# In need of computer help



## yonnie (27 March 2010)

hello guys,

wonder if somebody can help out with a computer problem I have.

I take part in the auction sometimes when ASX trading starts and you got to be really fast if something changes.

for that moment I would like to have my IB trading platform open and the Comsec website in a small size in the corner on my laptop and refresh prices continuously for the lastest. I prefer not to have a second screen.

how do I reset the full Comsec website to a small size?

thanks for any help


----------



## Bolle (27 March 2010)

double-click the title bar might do it.


----------



## yonnie (28 March 2010)

hey bolle, thanks for your help

title bar is that the bar with tools, print, home etc in it?

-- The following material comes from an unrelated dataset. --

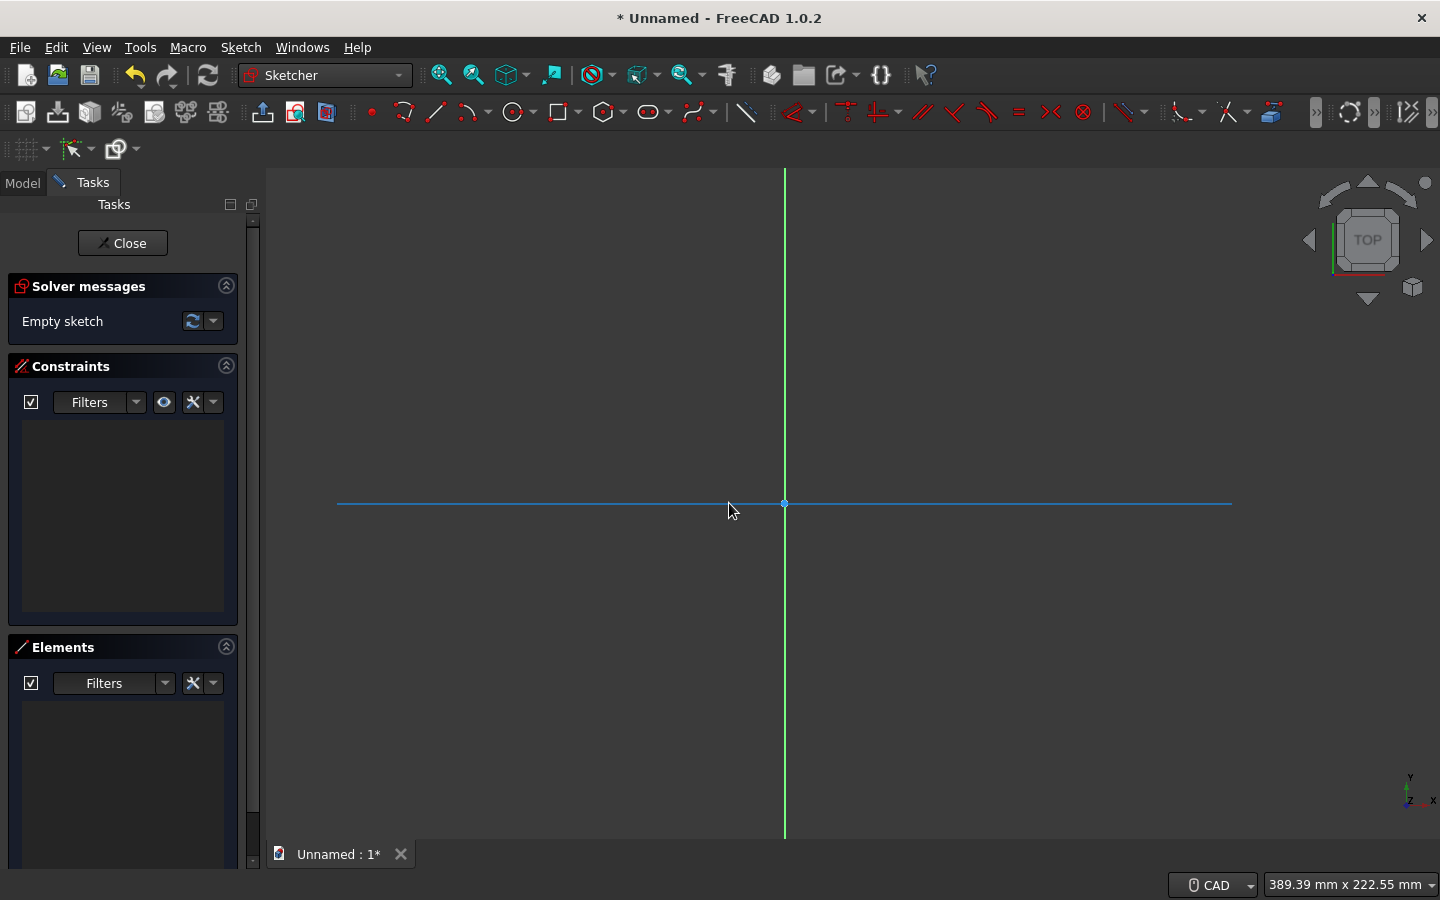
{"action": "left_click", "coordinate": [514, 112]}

double clicked on it and got a tab, typed in Comsec in the address bar and connected to Comsec, but still I cant resize this tab.

am I doing something wrong?


----------



## Whiskers (28 March 2010)

The very top, usually blue in Windows, where the minimise , restore down and close buttons are.


----------



## newbie trader (28 March 2010)

Blue bar (in top left has the internet symbol followed by the name of the website your on i.e Aussie Stock Forums - Reply to Topic - Mozilla Firefox. Then on the right of the blue bar it has the minimize, restore down and close buttons) double click 

N.T


----------



## yonnie (28 March 2010)

thank you bolle, whiskers and nt for your help.......got it now, excellent.

I did notice that if I delete that small window and I go on the internet again the new window will be in the same size as that small window.

is there anything I can do to avoid that or will everything turn to normal once I turn off the computer?


----------



## yonnie (28 March 2010)

oh, I think I got it; just double click on the title bar again aye.......
thanks


----------



## newbie trader (28 March 2010)

When the small screen comes up again hover your mouse over one of the corners of the page and you'll see a line with two arrows at either end then drag the corner of the page to fill up the screen. This will then mean your 'restore down' screen will be this size.

N.T


----------



## yonnie (28 March 2010)

thanks NT, will try it out........much appreciated


----------



## cutz (29 May 2010)

Can someone tell me the differences between Java SE 6 32 bit and 64 bit for mac.

The default 64 bit messes around with one of my trading apps, reverting to 32 bit resolves the issue.


----------